You can visit our website anonymously at any time. We respect the freedom of the individual to decide when, and for what purpose, he or she wishes to provide personal information. We do not employ any techniques to identify you or to create personal profiles!

We collect a minimum of personal data and only those which are required to:

  • Perform our services,
  • Implement contracts (including the initiation, conclusion, fulfilment and completion of a contract),
  • Process and respond to inquiries,
  • Ensure the security of our operations,
  • Improve our offerings,
  • Prevent, detect and investigate potentially unauthorized or illegal activities, and to enforce our general terms and conditions.

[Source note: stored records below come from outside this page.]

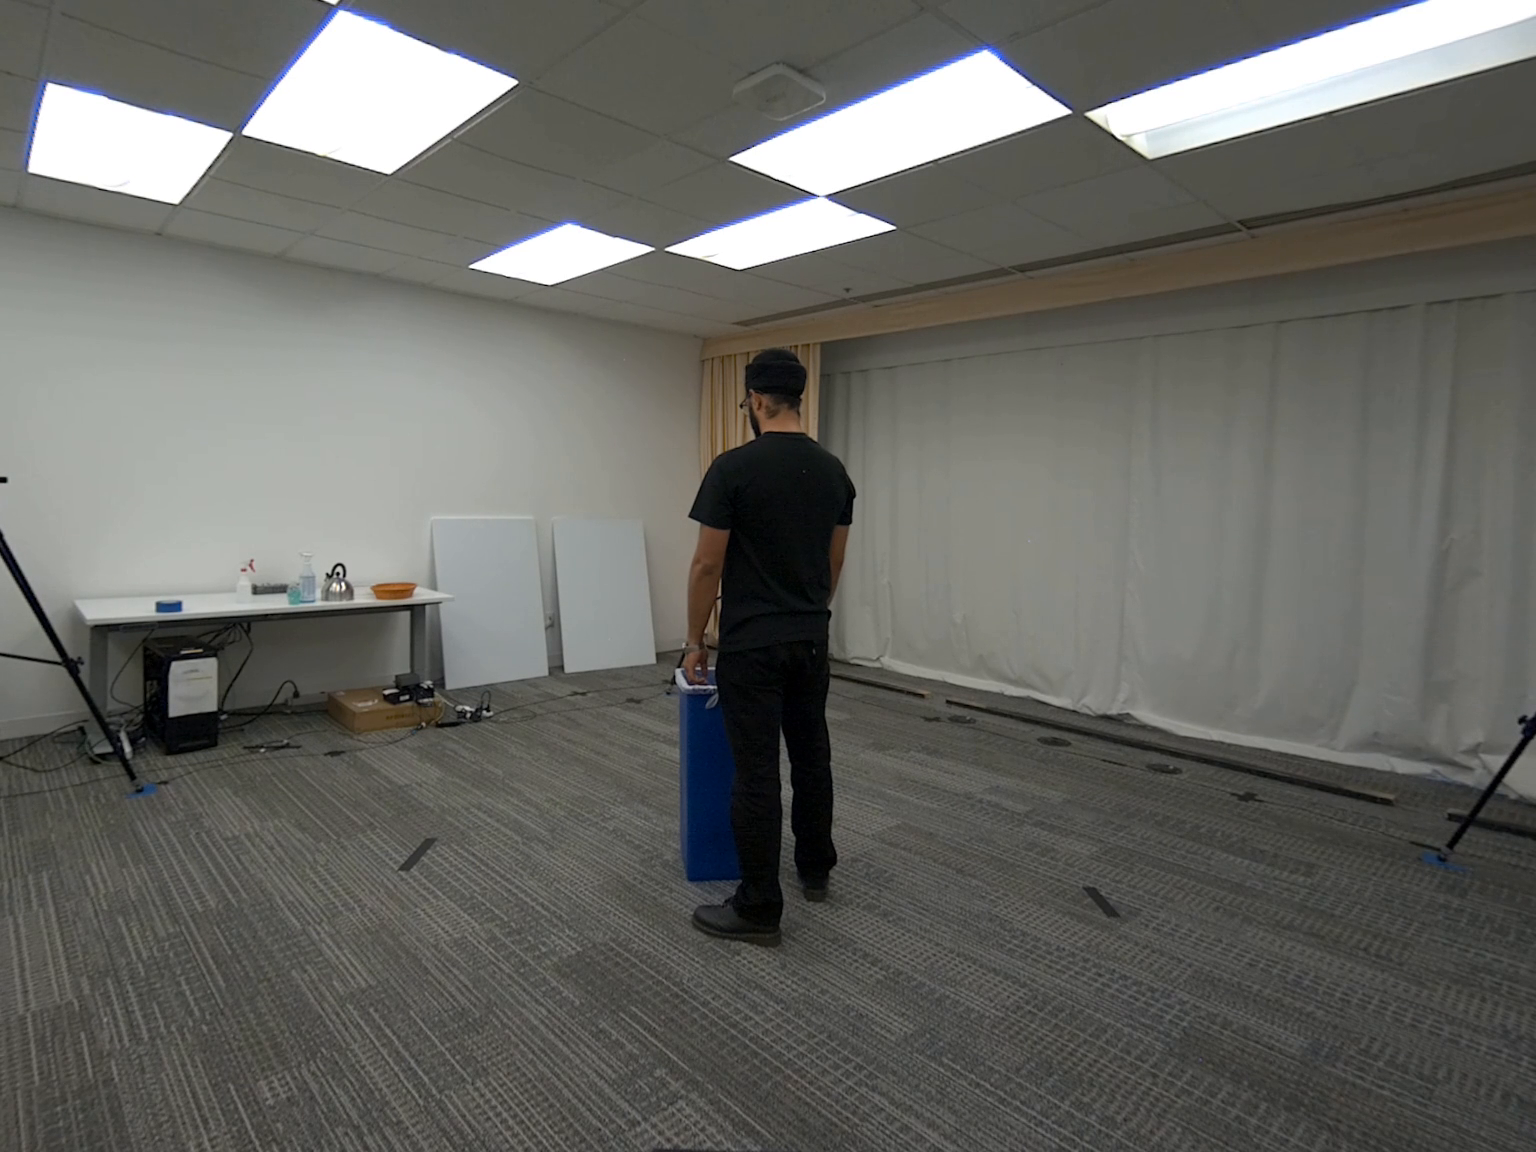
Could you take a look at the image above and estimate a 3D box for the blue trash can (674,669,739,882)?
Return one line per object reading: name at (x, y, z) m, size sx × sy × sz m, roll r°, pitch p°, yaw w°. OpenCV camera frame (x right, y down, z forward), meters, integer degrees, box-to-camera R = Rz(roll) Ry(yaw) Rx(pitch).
blue trash can at (-0.161, 0.734, 3.182) m, size 0.375 × 0.712 × 0.377 m, roll 1°, pitch 2°, yaw -10°
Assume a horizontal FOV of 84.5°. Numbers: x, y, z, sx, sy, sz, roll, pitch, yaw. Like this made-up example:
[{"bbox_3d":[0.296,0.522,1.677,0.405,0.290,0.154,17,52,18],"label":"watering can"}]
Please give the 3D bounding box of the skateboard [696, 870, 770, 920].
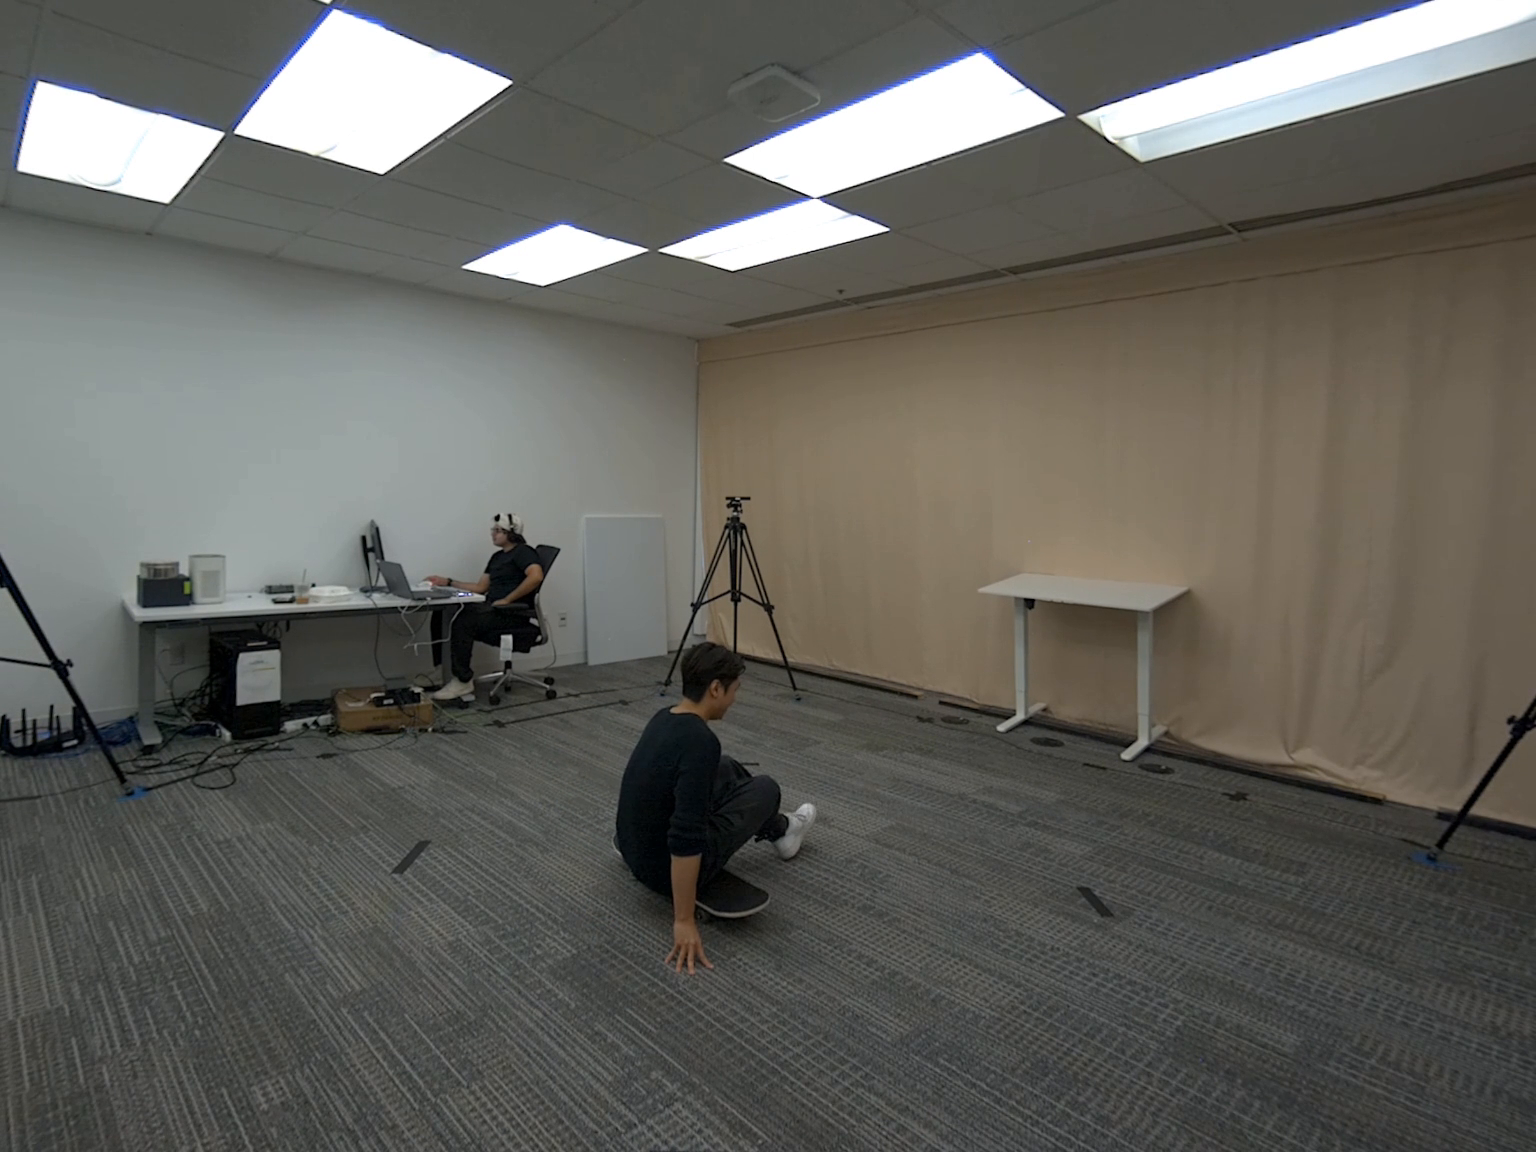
[{"bbox_3d":[-0.301,1.070,2.961,0.189,0.109,0.806,-9,12,-39],"label":"skateboard"}]
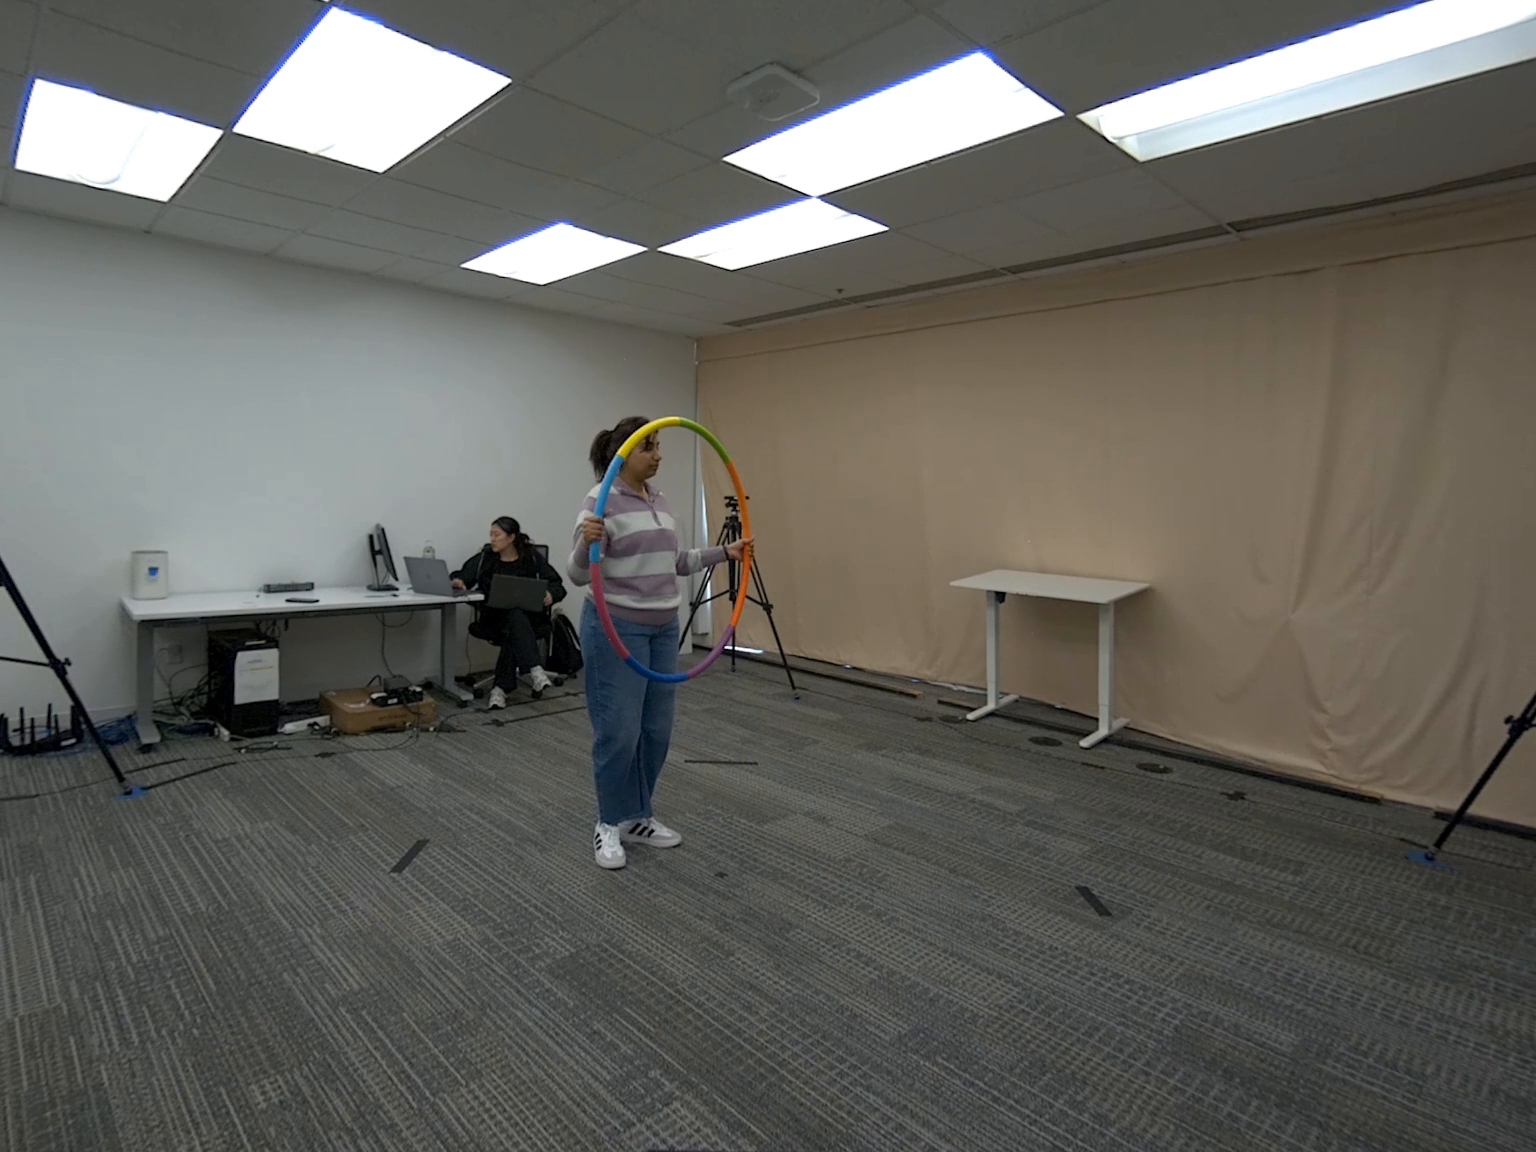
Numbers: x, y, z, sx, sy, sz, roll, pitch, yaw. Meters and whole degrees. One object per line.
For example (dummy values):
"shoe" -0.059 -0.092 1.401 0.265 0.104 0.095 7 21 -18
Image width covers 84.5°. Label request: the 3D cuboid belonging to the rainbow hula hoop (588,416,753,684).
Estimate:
"rainbow hula hoop" -0.336 -0.097 3.153 0.036 0.976 0.960 2 4 30

To ensure that you are fully aware of how we process personal data on our websites, we have compiled this information in a comprehensive and readily understandable form. We would like to assure you that we take all necessary technological and organizational steps to protect your data.

 

1. Controller

Controller responsible for the processing of personal data: 

 

SCHOTTEL Industries GmbH 

Mainzer Strasse 99 

56322 Spay/Rhine 

Germany 

 

Tel.: +49 2628 / 61 0 

e-mail: info(at)schottel-industries.de 

 

Further information: see Imprint

 

2. Data protection officer

To serve as data protection officer, we have commissioned: 

 

Verimax GmbH,

Warndtstrasse 115, 66127 Saarbrücken, Germany

 

Mr. Michael Grein 

 

Phone: +49 89 800 6578 25 (extension) 

Fax: +49 89 800 6578 29 

e-mail: dsb-schottel(at)verimax.de 

 

Address for reporting actual or suspected data protection violations: 

e-mail: datenschutz(at)schottel.de

 

3. Data types and data subjects

When you access our websites, we automatically process data of a general nature. These data, which may be saved in so-called server log files, include the following: 

  • Your browser* (type/version)
  • Operating system of the accessing computer*
  • The domain name of your Internet provider (IP address)
  • Time of access to the website
  • Referrer URL* (the site visited previously)
  • And other similar general data (e.g. size of your browser window)

*If necessary, you can suppress these data by selecting the appropriate settings in your system.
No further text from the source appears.